* **WHAT YOU WILL DO**
Nothing before the line containing "Same task for the forklift (99,279,177,398)." should appear; please restate that line and every later line word for word through the end of the listing.

* **DATA UNDER STUDY**

══════════

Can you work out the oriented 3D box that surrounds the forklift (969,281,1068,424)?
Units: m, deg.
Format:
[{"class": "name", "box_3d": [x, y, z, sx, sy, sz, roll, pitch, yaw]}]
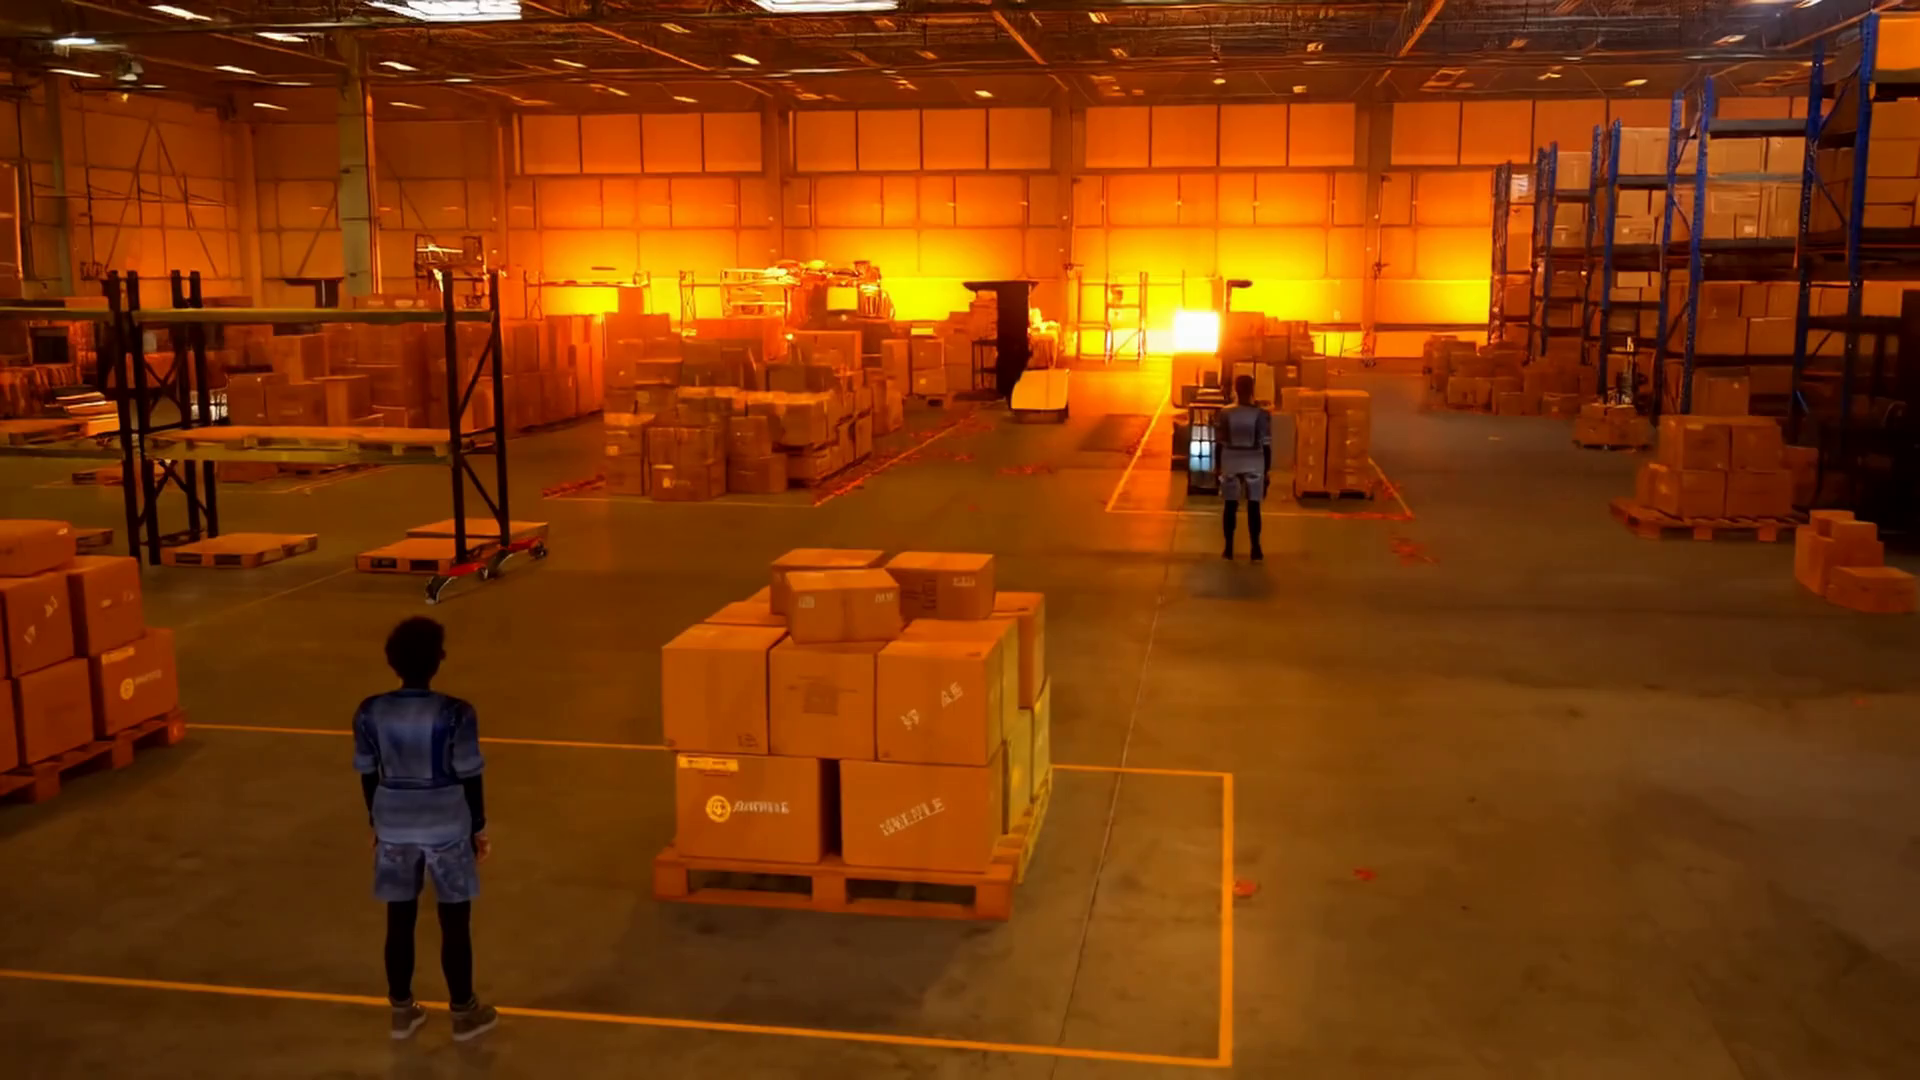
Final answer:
[{"class": "forklift", "box_3d": [1.194, -3.753, 33.059, 1.873, 2.768, 1.129, 1, 9, 9]}]

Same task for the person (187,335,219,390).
[{"class": "person", "box_3d": [-13.219, -2.632, 29.048, 0.629, 1.940, 0.373, 2, 9, 9]}]

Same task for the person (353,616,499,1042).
[{"class": "person", "box_3d": [-2.098, 1.137, 6.541, 0.532, 1.696, 0.319, 2, 9, 9]}]

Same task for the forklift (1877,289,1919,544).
[{"class": "forklift", "box_3d": [10.626, -1.366, 18.337, 1.873, 2.768, 1.129, 1, 9, 9]}]

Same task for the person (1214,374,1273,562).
[{"class": "person", "box_3d": [2.939, -0.737, 17.290, 0.602, 1.960, 0.368, 2, 9, 9]}]

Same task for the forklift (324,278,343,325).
[{"class": "forklift", "box_3d": [-16.326, -5.434, 43.428, 1.873, 2.768, 1.129, -3, 10, -17]}]

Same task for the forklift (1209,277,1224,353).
[{"class": "forklift", "box_3d": [7.469, -6.243, 48.419, 1.873, 2.768, 1.129, 1, 9, 9]}]

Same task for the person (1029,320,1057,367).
[{"class": "person", "box_3d": [1.730, -3.624, 34.990, 0.608, 1.995, 0.377, 2, 9, 9]}]

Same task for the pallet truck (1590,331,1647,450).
[{"class": "pallet truck", "box_3d": [11.253, -2.573, 28.499, 0.823, 1.965, 1.885, 5, 10, 27]}]

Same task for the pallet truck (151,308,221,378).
[{"class": "pallet truck", "box_3d": [-21.869, -5.598, 47.154, 0.823, 1.965, 1.885, 4, 10, 26]}]

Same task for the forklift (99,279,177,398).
[{"class": "forklift", "box_3d": [-19.606, -4.720, 39.027, 1.873, 2.768, 1.129, 1, 9, 9]}]

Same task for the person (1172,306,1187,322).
[{"class": "person", "box_3d": [6.826, -6.194, 51.015, 0.629, 1.940, 0.373, 2, 9, 9]}]

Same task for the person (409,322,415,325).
[{"class": "person", "box_3d": [-17.371, -6.566, 53.308, 0.542, 1.938, 0.357, 2, 9, 9]}]

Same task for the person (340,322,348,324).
[{"class": "person", "box_3d": [-18.725, -6.173, 50.895, 0.629, 1.936, 0.373, 2, 9, 9]}]

══════════

* **SOLUTION FOR THIS EXERCISE**
Same task for the forklift (99,279,177,398).
[{"class": "forklift", "box_3d": [-19.606, -4.720, 39.027, 1.873, 2.768, 1.129, 1, 9, 9]}]

Same task for the person (1172,306,1187,322).
[{"class": "person", "box_3d": [6.826, -6.194, 51.015, 0.629, 1.940, 0.373, 2, 9, 9]}]

Same task for the person (409,322,415,325).
[{"class": "person", "box_3d": [-17.371, -6.566, 53.308, 0.542, 1.938, 0.357, 2, 9, 9]}]

Same task for the person (340,322,348,324).
[{"class": "person", "box_3d": [-18.725, -6.173, 50.895, 0.629, 1.936, 0.373, 2, 9, 9]}]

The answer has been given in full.